Infrared, Submillimeter, and Millimeter Observations of the
Soft Gamma-Ray Repeaters
Smith, I. A., Joyce, R., Schultz, A. S. B., Hurley, K., Vrba, F. J.,
Hartmann, D., Kouveliotou, C., Van Paradijs, J., Waters, L. B. F. M.,
Chernin, L. M., Durouchoux, P., Corbel, S., and Wallyn, P.

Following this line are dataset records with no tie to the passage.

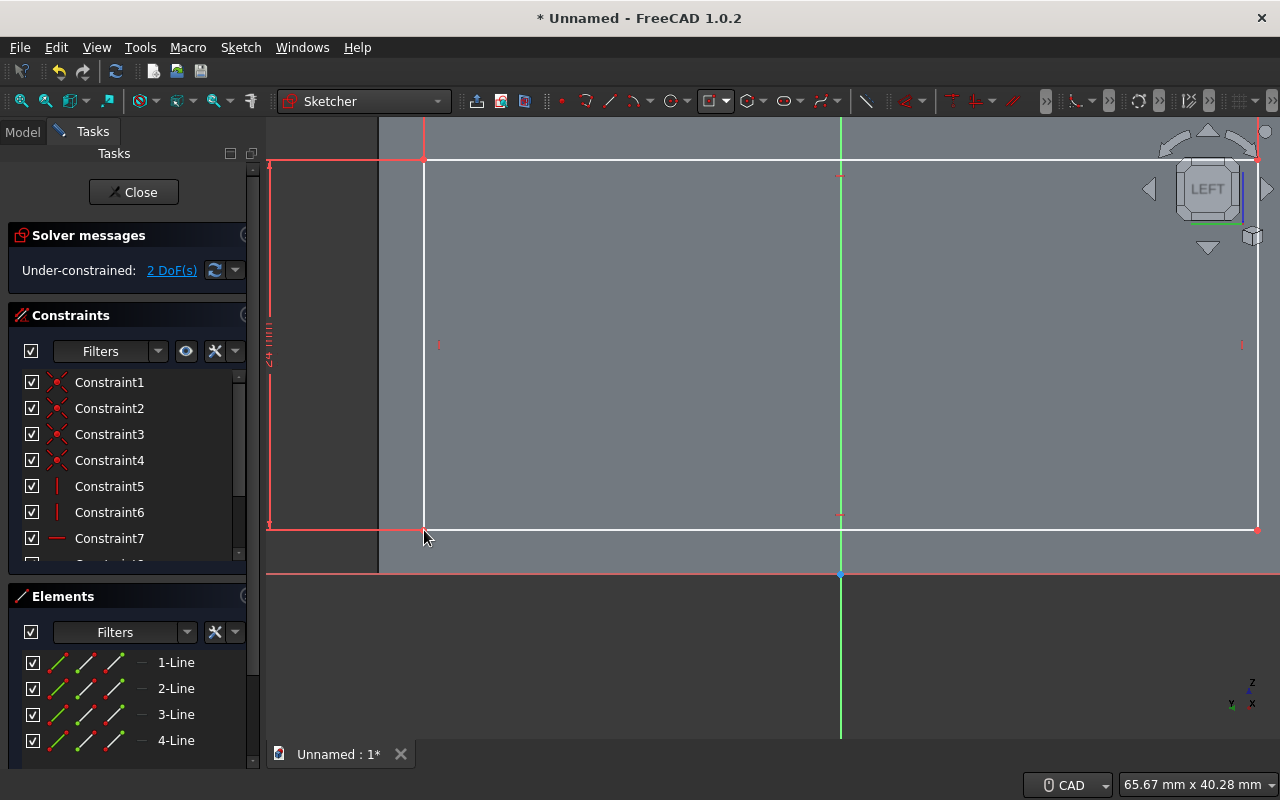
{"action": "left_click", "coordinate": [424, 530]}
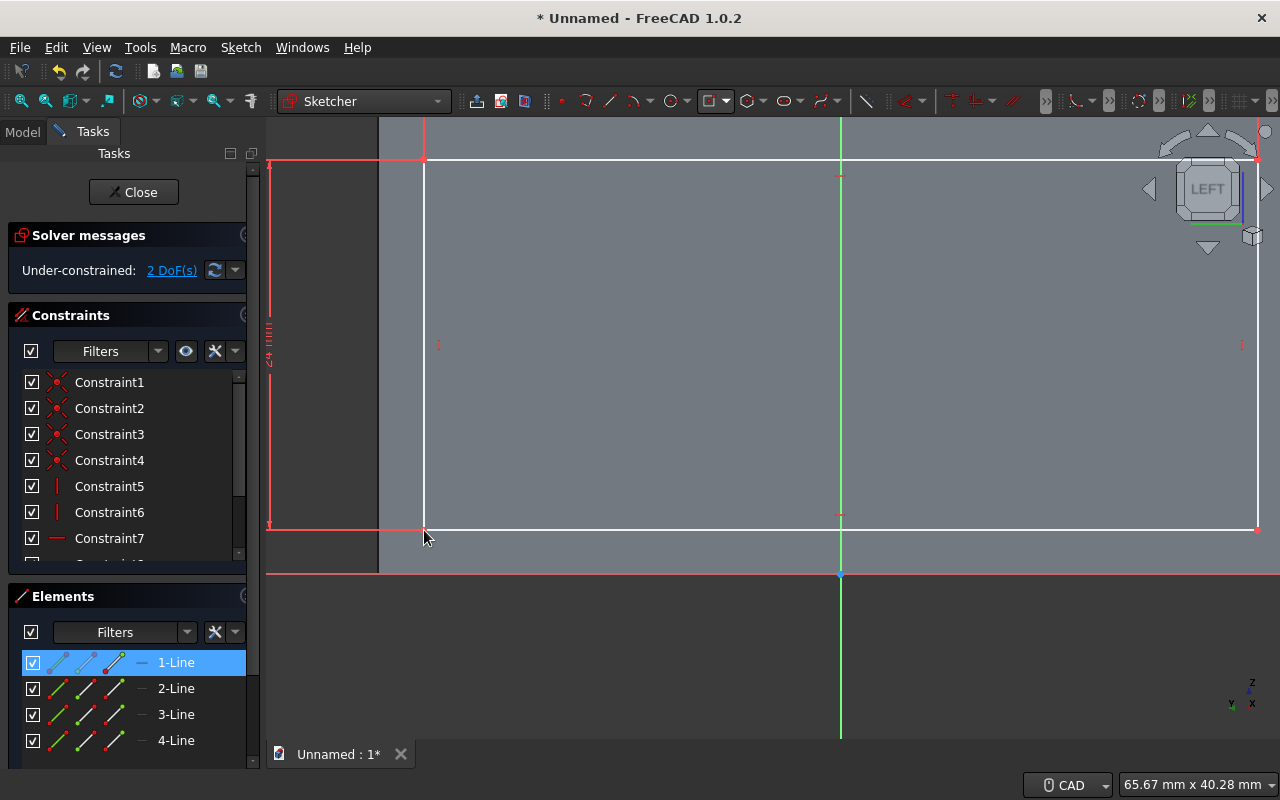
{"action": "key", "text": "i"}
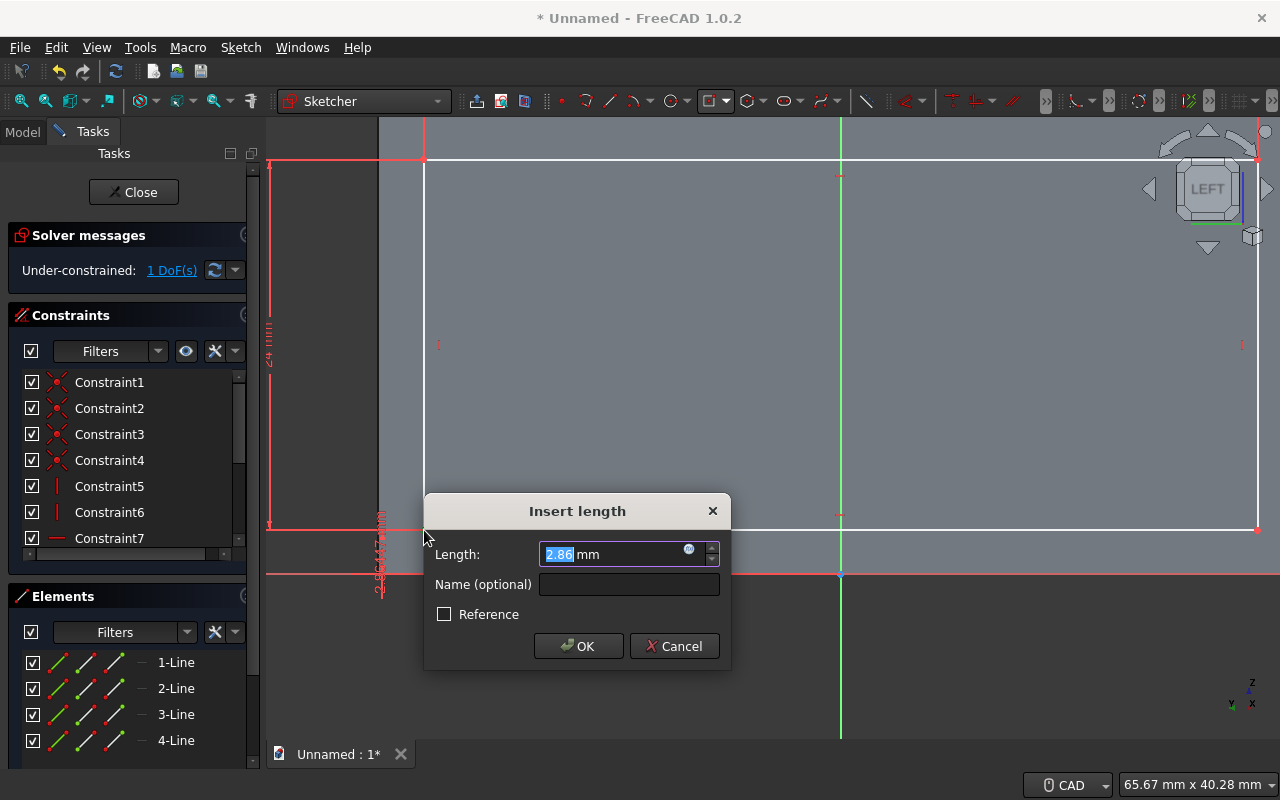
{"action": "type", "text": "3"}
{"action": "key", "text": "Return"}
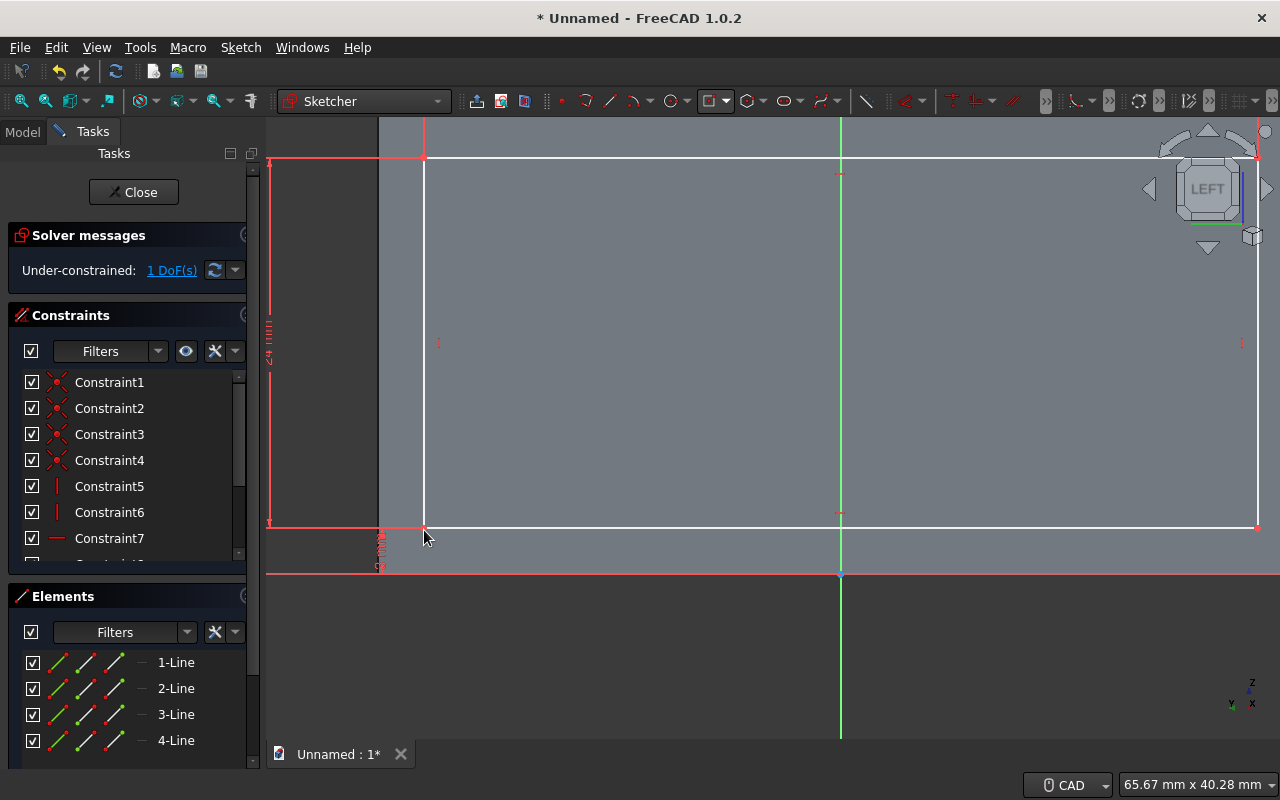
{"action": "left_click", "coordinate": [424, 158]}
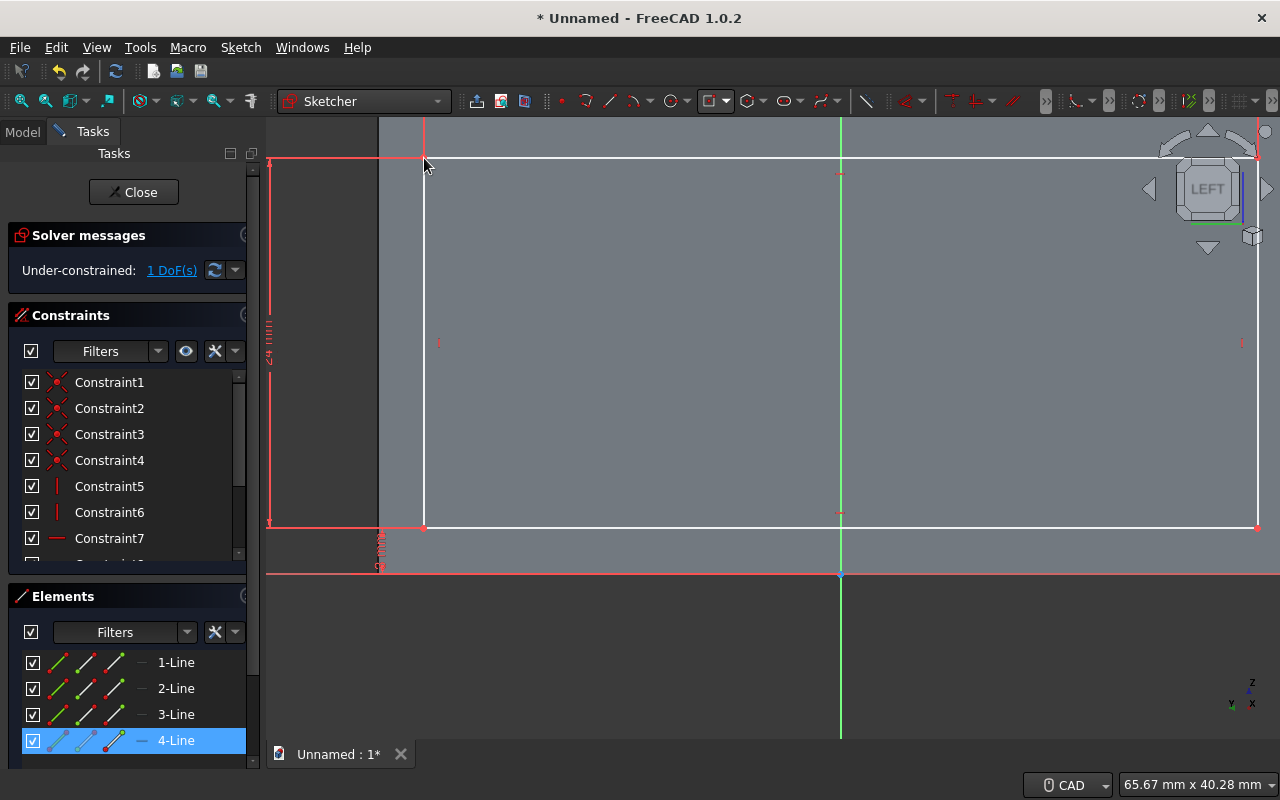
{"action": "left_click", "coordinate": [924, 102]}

The Soft Gamma-Ray Repeaters appear to be a completely new manifestation
of neutron stars.
While a counterpart to SGR 0525-66 has only been detected in X-rays,
SGR 1806-20 and SGR 1900+14 have highly unusual stellar counterparts,
whose spectra peak in the infrared.
Their infrared spectra appear to contain several components:
the photospheric emission from star(s) dominates at shorter wavelengths,
a bright point source dominates at 25 microns, while an extended source
dominates at 60 microns.
However, they have not been detected at submillimeter or millimeter
wavelengths.
The longer wavelength spectra are inconsistent with monoenergetic
synchrotron and black body radiation models, but are consistent with
simple dust models.
We review here our latest millimeter, submillimeter, and
infrared observations.
We also include a preliminary analysis of higher resolution infrared
spectra of SGR 1806-20 and SGR 1900+14 taken recently by the
Cryogenic Spectrometer at the Kitt Peak 4-m telescope.
These confirm earlier observations that suggested SGR 1806-20 has
an outflow, and that the stars comprising the counterpart
to SGR 1900+14 have very similar spectra.
Status:
1997, ESA SP-382, ed. C. Winkler, T. J.-L.
Courvoisier, and Ph. Durouchoux (Noordwijk: ESA Publications), 191.